Zamanla değişen sadece şehirler, kıyafetler, araçlar olmadı; anlayışımız, kanaatimiz ve insanlığımız da dönüştü. Bundan yalnızca elli yıl önce, bugünkü anlamıyla lüks sayılabilecek birçok şeye erişimimiz yoktu ama mutluluğumuz tamdı. Bugün en yoksulumuzun bile cebinde akıllı telefon, evinde çamaşır makinesi, buzdolabı, kalorifer var. Ancak huzur, o sade hayatın arkasında kaldı.
Bir zamanlar koca şehirlerde birkaç araba vardı, ekmek çeyrek ya da yarım alınırdı. Dondurma lükstü, çocukların ağzına düşmezdi; onun yerine buzluğumuzun eski dostu “eskimo” yenirdi. Ayakkabılar lastikti, kıyafetler yıllarca giyilir, sökülür, dikilir, sonra küçük kardeşe devredilirdi. Televizyon herkesin evinde bulunmazdı, durumu iyi olan komşuda topluca izlenirdi. Suyu bidonlarla mahalle çeşmesinden taşırdık. Çamaşır makinesi nadirdi, kazan kurulur, sırayla banyo yapılırdı.
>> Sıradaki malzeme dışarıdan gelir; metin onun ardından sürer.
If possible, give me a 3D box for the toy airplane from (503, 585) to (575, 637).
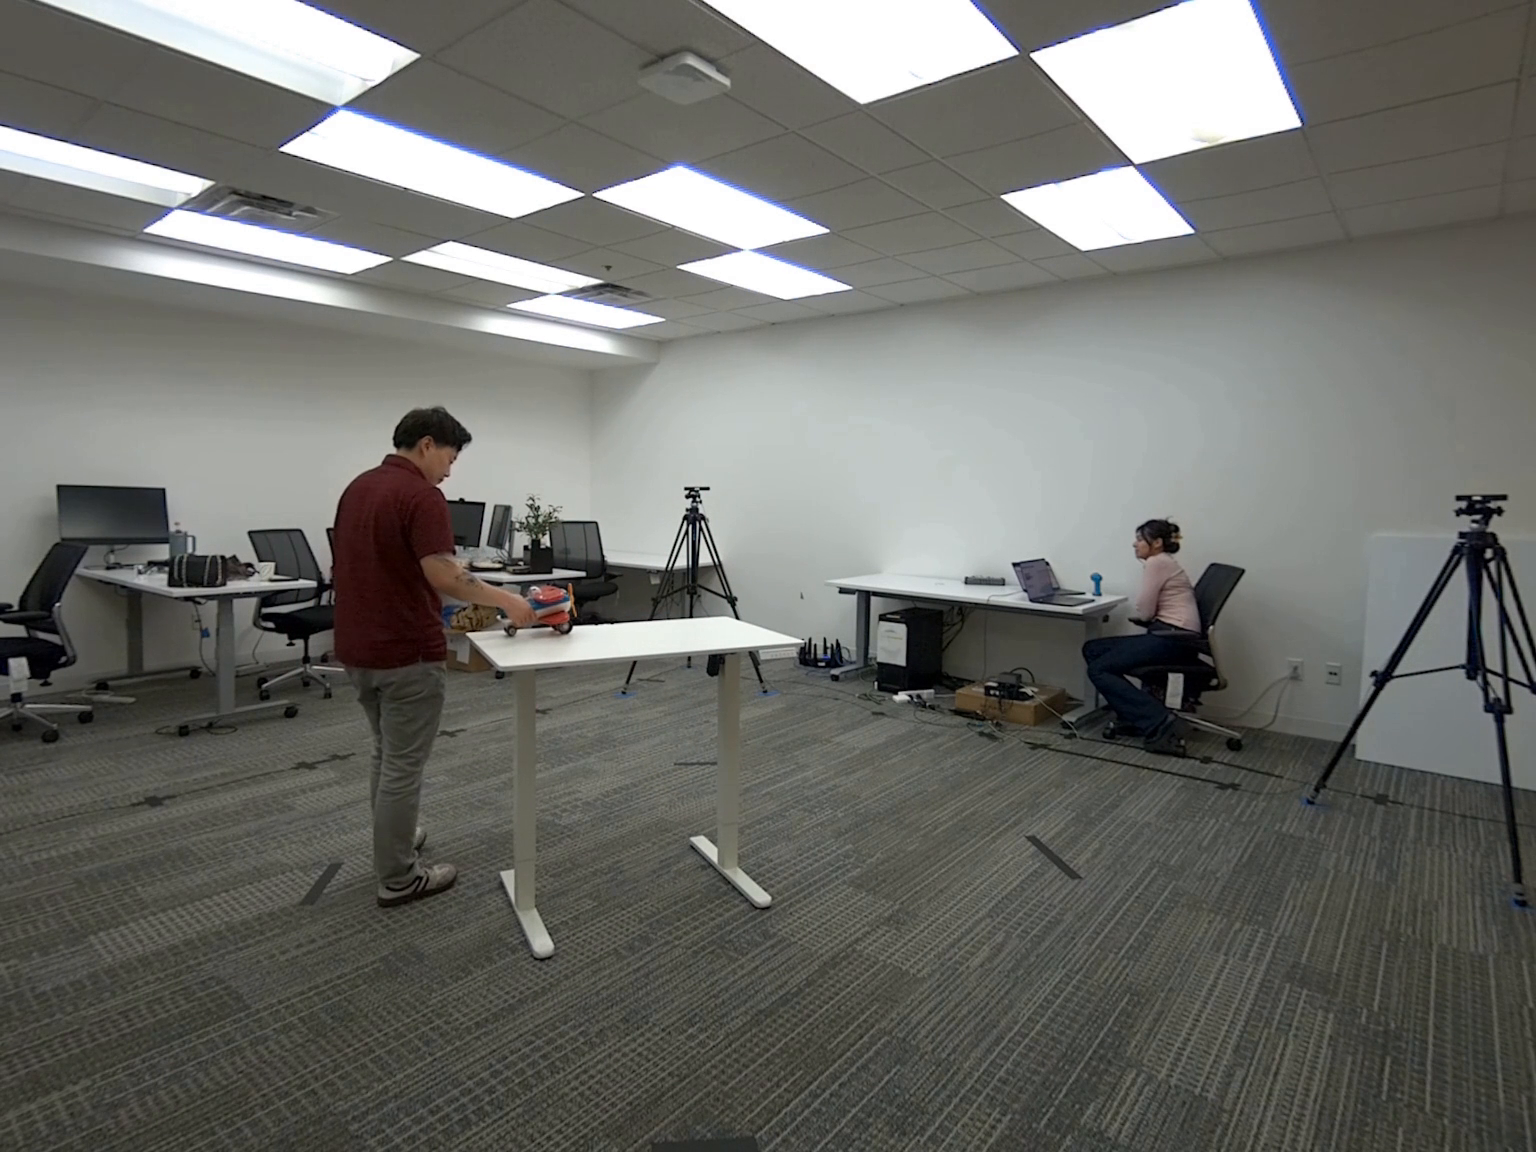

Ama kanaat vardı. Mahalleli bir araya gelir, tarhana yapar, dağ gibi patlıcan oyulur, kuruluklar asılırdı. Bir sofraya kaç kişi sığar demeden çat kapı misafir ağırlanırdı. Komşular birbirinin hatırını sorar, devlet çağırdığında vatandaş koşardı. Siyasete olan saygı bir kenarda, devletin kendisi düşman değil, baba gibi görülürdü.
Bugün ise… Ne yazık ki herkes daha fazlasının peşinde. Elindekine şükretmek yerine, gözünü ötekine diken bir anlayış hâkim oldu. Aile bağları zayıfladı, arkadaşlıklar menfaate dönüştü, çocuklar şımardı, gençler saygısızlaştı. Herkes haklı, kimse sabırlı değil. Tahammül kalmadı. İstekler arttı ama memnuniyet azaldı.
Yaşadığımız büyük felakete rağmen, yani asrın depremini görmemize rağmen, hâlâ sabretmeyi bilmiyoruz. Su kesintileri gibi geçici bir sıkıntıya bile tahammül edemez hâle geldik. Oysa yetkililer çözüm için mücadele veriyor, vatandaşlardan yalnızca birkaç hafta sabır bekleniyor.
Şu da bir gerçek: Artık hepimiz çok konforluyuz ama huzurdan mahrumuz. Maneviyatımızı, kanaat duygumuzu, dayanışmamızı kaybettik. O eski günlerin yokluğunda bile var olan mutluluğu özlemle anıyoruz.
Vesselam, Rabbim o çileli günleri bize tekrar yaşatmasın ama kanaatimizi, insanlığımızı, vicdanımızı da geri versin. En güzel hayatı hak ediyoruz ama bazen geri çekilip manzaraya bakmak gerek. Gözümüzün gördüğünü değil, gönlümüzün eksik bıraktığını sorgulamalıyız.